Harlow's comedy skills are not at all diminished by the top-notch cast in Libeled Lady  from 1936. Harlow plays the continually-postponed bride of editor, Spencer Tracy, who persuades her to pretend to be married to William Powell in a scheme to get heiress, Myrna Loy, to retract a 5 million-dollar lawsuit for libel. It gets even more complicated than it sounds. And funny. Directed by Jack Conway.




Can't overlook 2 funny ladies:  Eve Arden in Doughgirls,(1944) is worth a look just to see her as Sgt. Natalia Moskoroff, a hoot of a  Russian soldier forced to share quarters in wartime Washington with an all-star cast. 





In Tea for Two (1950) she perfects the wisecracking character, tossing off one-liners in that droll voice, as Doris Day’s best friend, that she displayed in The Kid from Brooklyn 1946, the early Danny Kaye film.  

 






Lucille Ball, who most people associate with the most iconic TV comedy, had an unusual film career – and not always funny. She had a few good lines in star-studded Stage Door (1937) but I think one of her best roles was not in a comedy. In Without Love  (1945), the stars are
Hepburn and Tracy, but in a supporting role, she has some good lines and delivers them in a sophisticated tone. Watching, one feels that it was too bad that she was not given more of this kind of role.


Ball is probably at her comic best in Easy to Wed from 1946, a remake of Libeled Lady, --  a good comic performance by Ball even though the film is nowhere near as good as the original.

 





Need to mention one other film star who made us laugh and at the same time took herself seriously enough so that at one time she was the highest paid woman in the U.S. (1936), and basically saved Paramount studios from going under.  I’m speaking, of course, of Mae West. She adapted the plays she wrote to film, so most of her lines were her own. Her innuendos eventually brought on the censors and she used tone and expression with more discreet lines that slipped by the censors but somehow sounded risqué.  Her mission was to ridicule puritanical society and although she only made 12 films, she made an impact, her one-liners still quoted often because she was very much ahead of her time. Probably, her best work in film, She Done Him Wrong , directed by Lowell Sherman, and I’m No Angel (When I’m good, I’m very good, but when I’m bad, I’m better), directed by Wesley Ruggles, both written by West from 1933.

 

A few of her best lines:

 Ya know it was a toss-up whether I go in for diamonds or sing in the choir.  The choir lost.  

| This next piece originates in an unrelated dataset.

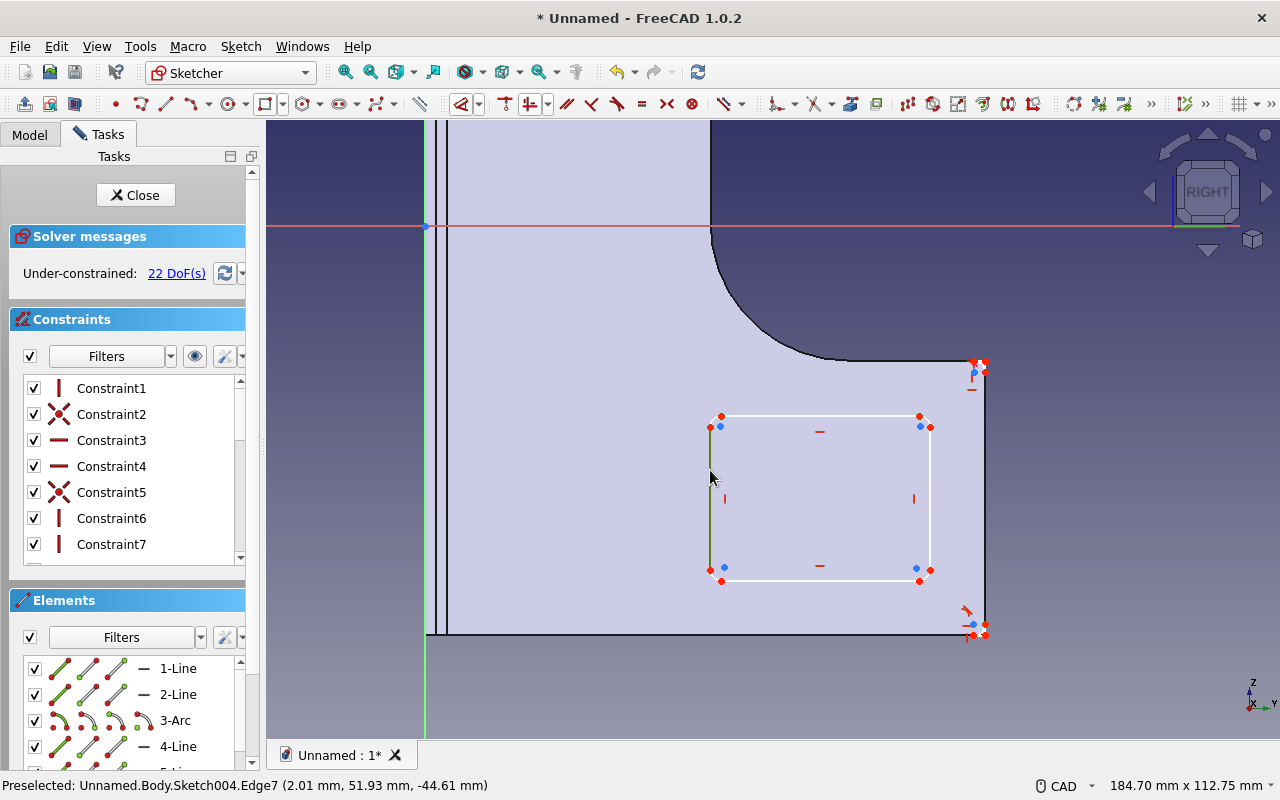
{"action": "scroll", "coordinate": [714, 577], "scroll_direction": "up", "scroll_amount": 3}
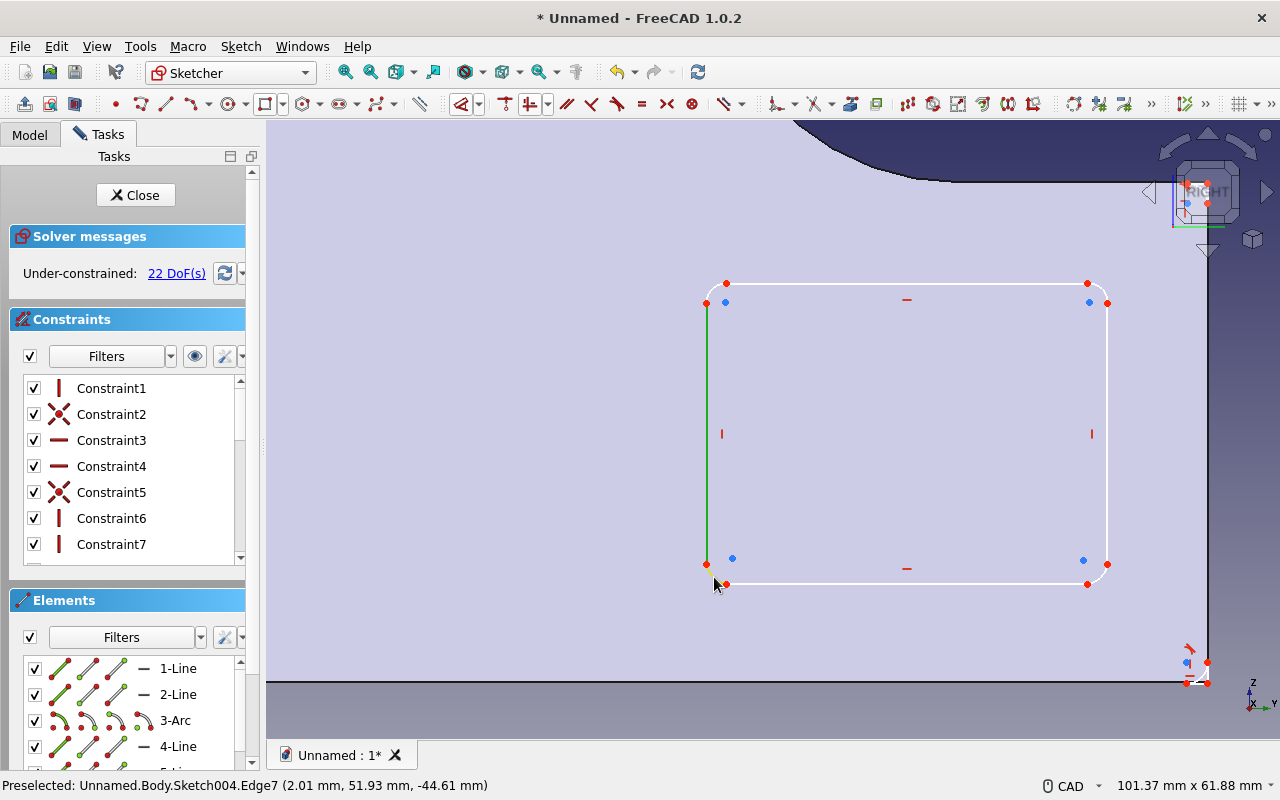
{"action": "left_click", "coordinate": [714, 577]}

Goodness had nothing to do with it. (Goodness, what beautiful diamonds!)

His mother should have thrown him away and kept the stork.

 A woman in love can't be reasonable -- or she probably wouldn't be in love.

To err is human - but it feels divine. 

JUDGE: Are you trying to show contempt for this court? MAE WEST: I was doin' my best to hide it. 

She's the kind of girl who climbed the ladder of success wrong by wrong.

I generally avoid temptation unless I can't resist it.

Between two evils, I always pick the one I never tried before.

Those who are easily shocked should be shocked more often.

Too much of a good thing can be wonderful.

I used to be Snow White, but I drifted.